* _Instructions for the task_: Please make an exact copy of the lines from the one holding "Answer yes or no. No. Is Light Slate greater" through the end of the data, both ends included, with no pictures.

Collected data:
* * * * * * * * *
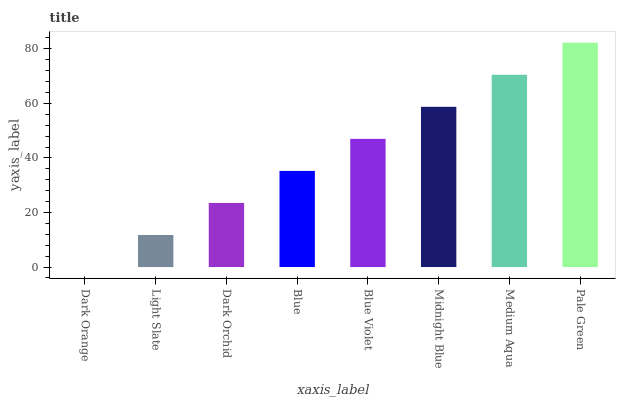Is Dark Orange the minimum?
Answer yes or no. Yes. Is Pale Green the maximum?
Answer yes or no. Yes. Is Light Slate the minimum?
Answer yes or no. No. Is Light Slate the maximum?
Answer yes or no. No. Is Light Slate greater than Dark Orange?
Answer yes or no. Yes. Is Dark Orange less than Light Slate?
Answer yes or no. Yes. Is Dark Orange greater than Light Slate?
Answer yes or no. No. Is Light Slate less than Dark Orange?
Answer yes or no. No. Is Blue Violet the high median?
Answer yes or no. Yes. Is Blue the low median?
Answer yes or no. Yes. Is Medium Aqua the high median?
Answer yes or no. No. Is Pale Green the low median?
Answer yes or no. No. 
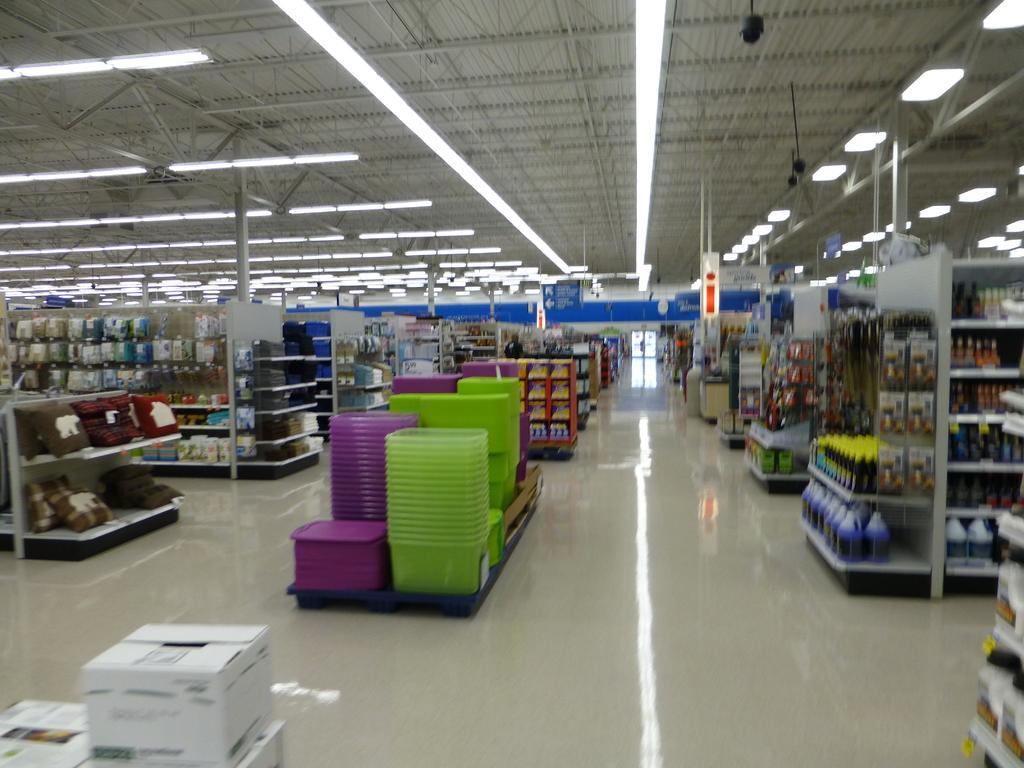In one or two sentences, can you explain what this image depicts? In this image we can see a view from inside of a supermarket. There are boxes and baskets. There are racks. On the racks there are bottles, packets and many other items. On the ceiling there are lights. In the background it is blur.
* * * * * * * * *
* _Problem solution_:
Answer yes or no. No. Is Light Slate greater than Dark Orange?
Answer yes or no. Yes. Is Dark Orange less than Light Slate?
Answer yes or no. Yes. Is Dark Orange greater than Light Slate?
Answer yes or no. No. Is Light Slate less than Dark Orange?
Answer yes or no. No. Is Blue Violet the high median?
Answer yes or no. Yes. Is Blue the low median?
Answer yes or no. Yes. Is Medium Aqua the high median?
Answer yes or no. No. Is Pale Green the low median?
Answer yes or no. No. 
In one or two sentences, can you explain what this image depicts? In this image we can see a view from inside of a supermarket. There are boxes and baskets. There are racks. On the racks there are bottles, packets and many other items. On the ceiling there are lights. In the background it is blur.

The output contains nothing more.